2. The method of claim 1, wherein a size of each of the plurality of local address ranges is dependent on a number of region of interest data of the plurality of region of interest data having a score corresponding to the local address range.

3. The method of claim 1, wherein the first data has a score corresponding to the first local address range and the second data of the first address is not adjusted region of interest data.

4. The method of claim 3, wherein determining a first address within a first local address range of the plurality of local address ranges comprises:

the first address is determined from a count value of a counter corresponding to the first local address range.

5. The method of claim 4, further comprising:

and updating the count value of a counter corresponding to the first local address range, so that the updated count value corresponds to an address which is not accessed in the first local address range.

6. The method of claim 1, wherein storing the second data at the first address from the storage area into a buffer memory comprises:

storing first data cached in a first buffer area of the buffer memory into a second buffer area of the buffer memory; and

and caching the second data from the storage area into a first buffer area of the buffer memory.

7. The method of claim 6, wherein storing the first data in the buffer memory at the first address in the storage area comprises:

first data in the second buffer is stored to a first address in the storage area.

8. The method of any of claims 1 to 7, further comprising:

and determining the second data in the buffer memory as the next region of interest data to be adjusted in the case that the second data is the region of interest data which is not adjusted.

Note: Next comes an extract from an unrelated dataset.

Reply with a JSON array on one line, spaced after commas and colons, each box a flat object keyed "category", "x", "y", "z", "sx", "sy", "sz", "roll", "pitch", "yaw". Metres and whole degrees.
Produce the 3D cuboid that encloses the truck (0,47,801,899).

9. The method of any of claims 1 to 7, further comprising:

in the case where the second data is not the unadjusted region of interest data and the number of the adjusted region of interest data in the memory area is smaller than the number of the plurality of region of interest data, the data at the second address in the memory area that is not accessed is determined as the next region of interest data to be adjusted.

10. The method of claim 9, wherein determining data at the second address in the memory area that has not been accessed as the next region of interest data to be adjusted comprises:

Determining a second local address range of the plurality of local address ranges, wherein the second local address range comprises at least one address which is not accessed; and

the second address is determined from a count value in a counter corresponding to the second local address range.

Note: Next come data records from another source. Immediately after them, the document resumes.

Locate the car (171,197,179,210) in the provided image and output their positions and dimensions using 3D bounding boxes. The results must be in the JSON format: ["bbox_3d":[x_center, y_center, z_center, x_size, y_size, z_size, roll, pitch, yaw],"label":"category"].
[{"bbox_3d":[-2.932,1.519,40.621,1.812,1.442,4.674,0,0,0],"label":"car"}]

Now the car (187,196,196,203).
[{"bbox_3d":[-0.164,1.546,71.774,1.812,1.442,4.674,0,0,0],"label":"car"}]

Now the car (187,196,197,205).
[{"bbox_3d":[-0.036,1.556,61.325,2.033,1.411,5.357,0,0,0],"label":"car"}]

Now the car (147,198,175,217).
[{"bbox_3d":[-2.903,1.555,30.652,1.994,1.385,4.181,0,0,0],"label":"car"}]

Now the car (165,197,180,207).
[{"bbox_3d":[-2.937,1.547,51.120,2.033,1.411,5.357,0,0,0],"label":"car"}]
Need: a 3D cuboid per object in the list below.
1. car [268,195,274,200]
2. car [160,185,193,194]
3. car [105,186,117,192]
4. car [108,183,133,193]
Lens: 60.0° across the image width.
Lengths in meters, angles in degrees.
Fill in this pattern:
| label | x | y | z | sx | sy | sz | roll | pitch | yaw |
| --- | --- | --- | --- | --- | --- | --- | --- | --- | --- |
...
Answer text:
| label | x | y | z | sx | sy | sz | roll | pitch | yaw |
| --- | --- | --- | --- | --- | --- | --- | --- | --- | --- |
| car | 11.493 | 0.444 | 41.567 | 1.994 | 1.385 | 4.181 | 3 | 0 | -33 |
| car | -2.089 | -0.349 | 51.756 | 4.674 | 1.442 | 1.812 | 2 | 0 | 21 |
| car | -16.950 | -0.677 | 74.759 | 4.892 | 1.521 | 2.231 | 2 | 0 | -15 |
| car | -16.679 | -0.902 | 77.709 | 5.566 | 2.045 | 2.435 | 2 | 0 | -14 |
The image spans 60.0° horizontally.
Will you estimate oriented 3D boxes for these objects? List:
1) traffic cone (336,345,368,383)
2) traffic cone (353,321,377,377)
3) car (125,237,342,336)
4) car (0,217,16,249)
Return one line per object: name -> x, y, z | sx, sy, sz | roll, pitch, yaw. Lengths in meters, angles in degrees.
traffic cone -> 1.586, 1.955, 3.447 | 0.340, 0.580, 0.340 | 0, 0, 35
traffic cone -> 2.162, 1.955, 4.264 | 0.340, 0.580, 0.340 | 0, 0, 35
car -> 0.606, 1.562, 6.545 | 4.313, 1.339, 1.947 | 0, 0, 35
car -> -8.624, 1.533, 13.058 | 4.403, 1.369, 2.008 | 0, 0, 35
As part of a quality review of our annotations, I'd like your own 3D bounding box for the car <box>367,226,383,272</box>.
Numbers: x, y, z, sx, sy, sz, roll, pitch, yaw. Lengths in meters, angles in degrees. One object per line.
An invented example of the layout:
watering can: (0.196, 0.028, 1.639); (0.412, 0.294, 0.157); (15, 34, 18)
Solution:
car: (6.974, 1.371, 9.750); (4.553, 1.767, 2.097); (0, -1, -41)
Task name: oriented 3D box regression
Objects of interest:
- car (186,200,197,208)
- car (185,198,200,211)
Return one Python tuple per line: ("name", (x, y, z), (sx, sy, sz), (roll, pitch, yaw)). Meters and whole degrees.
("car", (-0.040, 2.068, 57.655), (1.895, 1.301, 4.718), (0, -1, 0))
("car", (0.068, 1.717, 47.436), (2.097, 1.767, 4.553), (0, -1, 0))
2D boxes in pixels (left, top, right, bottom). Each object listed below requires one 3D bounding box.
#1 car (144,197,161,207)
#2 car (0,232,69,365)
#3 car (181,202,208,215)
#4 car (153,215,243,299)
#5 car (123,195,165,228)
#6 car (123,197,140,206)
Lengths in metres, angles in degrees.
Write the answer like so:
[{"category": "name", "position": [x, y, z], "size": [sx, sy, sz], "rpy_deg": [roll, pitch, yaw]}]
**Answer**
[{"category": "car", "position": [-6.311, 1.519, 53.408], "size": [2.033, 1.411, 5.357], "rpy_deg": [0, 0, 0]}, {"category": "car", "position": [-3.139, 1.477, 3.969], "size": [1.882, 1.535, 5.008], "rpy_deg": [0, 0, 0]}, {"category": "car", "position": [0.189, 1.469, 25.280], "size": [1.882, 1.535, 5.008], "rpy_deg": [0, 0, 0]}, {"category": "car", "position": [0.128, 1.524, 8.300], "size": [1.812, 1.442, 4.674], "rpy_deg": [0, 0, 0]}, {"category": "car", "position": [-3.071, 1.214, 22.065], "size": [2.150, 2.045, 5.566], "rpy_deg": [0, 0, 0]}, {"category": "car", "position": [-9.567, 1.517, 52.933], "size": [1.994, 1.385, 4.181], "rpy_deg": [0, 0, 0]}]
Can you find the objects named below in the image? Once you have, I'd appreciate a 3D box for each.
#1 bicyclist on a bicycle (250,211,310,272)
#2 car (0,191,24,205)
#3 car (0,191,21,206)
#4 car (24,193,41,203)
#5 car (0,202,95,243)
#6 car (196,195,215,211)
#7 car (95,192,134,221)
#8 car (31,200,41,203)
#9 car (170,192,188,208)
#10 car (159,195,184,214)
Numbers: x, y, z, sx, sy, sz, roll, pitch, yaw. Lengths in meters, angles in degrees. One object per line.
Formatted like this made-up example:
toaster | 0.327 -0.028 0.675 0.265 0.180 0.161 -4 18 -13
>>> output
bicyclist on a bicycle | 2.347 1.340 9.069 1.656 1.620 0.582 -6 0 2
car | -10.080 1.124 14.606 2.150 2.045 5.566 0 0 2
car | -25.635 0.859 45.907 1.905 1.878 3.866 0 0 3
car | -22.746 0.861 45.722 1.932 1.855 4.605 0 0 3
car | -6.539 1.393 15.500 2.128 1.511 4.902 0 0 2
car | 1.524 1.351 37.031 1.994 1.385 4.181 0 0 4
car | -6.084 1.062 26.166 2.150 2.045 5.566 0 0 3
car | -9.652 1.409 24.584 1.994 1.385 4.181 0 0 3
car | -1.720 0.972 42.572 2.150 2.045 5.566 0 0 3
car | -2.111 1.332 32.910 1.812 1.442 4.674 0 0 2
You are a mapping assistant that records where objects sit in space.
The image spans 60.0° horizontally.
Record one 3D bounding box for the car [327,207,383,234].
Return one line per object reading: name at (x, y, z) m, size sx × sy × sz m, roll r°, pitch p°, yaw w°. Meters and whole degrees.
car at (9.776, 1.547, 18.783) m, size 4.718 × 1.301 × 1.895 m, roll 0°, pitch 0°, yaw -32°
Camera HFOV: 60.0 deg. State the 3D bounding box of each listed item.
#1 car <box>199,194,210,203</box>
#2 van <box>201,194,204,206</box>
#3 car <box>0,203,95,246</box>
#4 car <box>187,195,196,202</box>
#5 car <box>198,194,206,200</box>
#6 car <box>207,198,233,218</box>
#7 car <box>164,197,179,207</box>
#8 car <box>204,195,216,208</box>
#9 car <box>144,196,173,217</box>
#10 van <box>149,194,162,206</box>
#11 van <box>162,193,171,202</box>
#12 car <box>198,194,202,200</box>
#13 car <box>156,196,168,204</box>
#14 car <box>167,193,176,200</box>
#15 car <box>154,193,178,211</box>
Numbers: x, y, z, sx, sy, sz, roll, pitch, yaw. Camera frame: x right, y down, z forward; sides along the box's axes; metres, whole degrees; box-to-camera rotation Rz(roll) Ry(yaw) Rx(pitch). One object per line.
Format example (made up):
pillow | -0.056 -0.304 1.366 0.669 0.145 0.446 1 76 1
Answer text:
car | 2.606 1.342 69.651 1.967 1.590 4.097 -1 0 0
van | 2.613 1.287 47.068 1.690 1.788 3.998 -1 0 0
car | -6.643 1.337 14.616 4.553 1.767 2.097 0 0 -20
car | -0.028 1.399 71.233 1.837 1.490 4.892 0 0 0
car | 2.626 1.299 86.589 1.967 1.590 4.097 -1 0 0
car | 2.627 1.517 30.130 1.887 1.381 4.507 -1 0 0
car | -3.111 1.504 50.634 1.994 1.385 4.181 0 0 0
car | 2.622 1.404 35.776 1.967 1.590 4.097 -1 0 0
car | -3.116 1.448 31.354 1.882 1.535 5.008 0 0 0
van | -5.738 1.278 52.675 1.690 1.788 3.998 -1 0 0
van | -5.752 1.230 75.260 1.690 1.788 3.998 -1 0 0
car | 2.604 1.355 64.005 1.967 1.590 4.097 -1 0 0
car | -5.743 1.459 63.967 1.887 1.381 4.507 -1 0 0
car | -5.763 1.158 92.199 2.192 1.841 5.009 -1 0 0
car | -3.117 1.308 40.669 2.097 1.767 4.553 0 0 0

11. A computer readable non-transitory storage medium having stored thereon program instructions that, when executed, perform at least the method of any of claims 1 to 10.

12. An apparatus for adjusting storage locations of a plurality of region of interest data, comprising:

a buffer memory configured to store region of interest data to be currently adjusted; and

a processor configured to perform at least the method of any one of claims 1 to 10 at start-up.

13. The apparatus of claim 12, wherein the buffer memory comprises two buffers, each buffer having a capacity that depends on a size of a single region of interest data.

14. The apparatus of claim 12 or 13, further comprising:

a plurality of counters, each counter corresponding to a respective local address range, the number of the plurality of counters being dependent on the accuracy of the score for each region of interest data.